Prezydent Białorusi Aleksandr Łukaszenka zadecydował, że istnieje potrzeba znacznego wzmocnienia granicy jego kraju z Ukrainą, by poradzić sobie z problemami, które jego zdaniem stamtąd pochodzą. Zapowiedział też, że rozprawi się ze wszystkimi białoruskimi obywatelami, którzy wyjechali walczyć na Ukrainie.

“Nie mówię nic o narkotykach… oni przywożą broń, karabiny maszynowe, amunicję i sami tu przyjeżdżają. Wzmocnimy granicę. Na razie zupełnie ją zamknęliśmy, a teraz zbudujemy takie konstrukcje, że mysz się nie prześliźnie. Zapewnimy naszemu państwu bezpieczeństwo”– powiedział Łukaszenko.

Białoruski prezydent zapewnił również, że „rozprawi się” z obywatelami swojego kraju, którzy walczą na Ukrainie. „Z tymi, którzy tam walczą rozprawimy się jak tylko wrócą do kraju. Ostrzegałem wszystkich i podjęto w tej sprawie decyzję na szczeblu legislacyjnym: jedziesz na wojnę – nieważne, czy po to, by wspierać Donbas, czy przeciwko niemu – zostaniesz pociągnięty do odpowiedzialności”.
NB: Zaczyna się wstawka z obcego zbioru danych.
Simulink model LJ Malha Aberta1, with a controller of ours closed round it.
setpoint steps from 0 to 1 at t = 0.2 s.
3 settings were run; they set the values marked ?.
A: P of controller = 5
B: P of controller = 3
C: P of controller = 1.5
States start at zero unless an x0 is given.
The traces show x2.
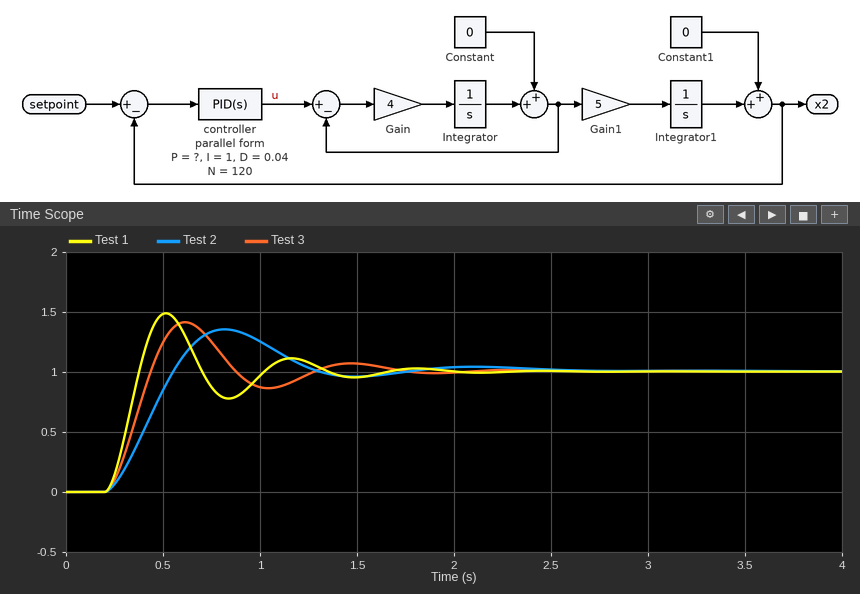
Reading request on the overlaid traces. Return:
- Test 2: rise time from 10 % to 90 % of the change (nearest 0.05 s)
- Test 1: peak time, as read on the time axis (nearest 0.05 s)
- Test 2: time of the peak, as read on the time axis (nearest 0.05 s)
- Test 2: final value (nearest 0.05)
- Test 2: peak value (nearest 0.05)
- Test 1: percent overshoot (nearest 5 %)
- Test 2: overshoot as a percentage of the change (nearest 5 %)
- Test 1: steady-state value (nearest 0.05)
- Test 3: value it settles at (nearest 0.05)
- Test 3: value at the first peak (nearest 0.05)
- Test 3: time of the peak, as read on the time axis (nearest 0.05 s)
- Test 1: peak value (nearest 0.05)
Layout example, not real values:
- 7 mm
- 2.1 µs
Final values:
- 0.25 s
- 0.50 s
- 0.80 s
- 1.00
- 1.35
- 50 %
- 35 %
- 1.00
- 1.00
- 1.40
- 0.60 s
- 1.50
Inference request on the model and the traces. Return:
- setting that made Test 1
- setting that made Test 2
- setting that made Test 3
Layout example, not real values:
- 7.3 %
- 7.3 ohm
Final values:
- A
- C
- B
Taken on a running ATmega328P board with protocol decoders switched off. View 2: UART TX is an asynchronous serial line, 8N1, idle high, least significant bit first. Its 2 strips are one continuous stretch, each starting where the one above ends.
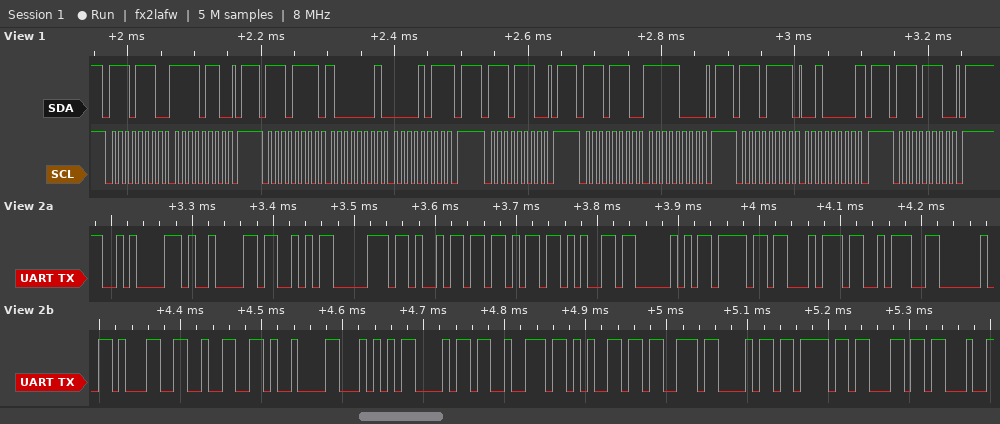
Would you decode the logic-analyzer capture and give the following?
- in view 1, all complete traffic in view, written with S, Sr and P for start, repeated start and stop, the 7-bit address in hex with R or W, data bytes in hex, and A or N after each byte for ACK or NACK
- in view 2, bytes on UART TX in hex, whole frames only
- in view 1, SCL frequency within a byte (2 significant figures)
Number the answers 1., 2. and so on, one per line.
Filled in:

Łukaszenko dodał, że takich ludzi nie ma wielu, „może ze dwa tuziny”.Wspomniał w tym kontekście o Michaile Żyzniewskim, który był jedną z pierwszych ofiar protestów na Majdanie w Kijowe. „Jeden z nich Bral udział w jakiś walkach na Majdanie i wrócił w trumnie”– powiedział Łukaszenka.

Żyznieuski urodził się na Białorusi, ale od 17. roku życia mieszkał na Ukrainie. Był członkiem nacjonalistycznej ukraińskiej organizacji UNA-UNSO. Brał aktywny udział w antyrządowych protestach w Kijowie, dlatego dla wielu ich uczestników stał się bohaterem. Według ustaleń ukraińskiego MSW oraz dr Iwana Kaczanowskiego, nie zginął on z rąk milicji, lecz został zastrzelony z pistoletu, którym ukraińskie służby nie dysponowały.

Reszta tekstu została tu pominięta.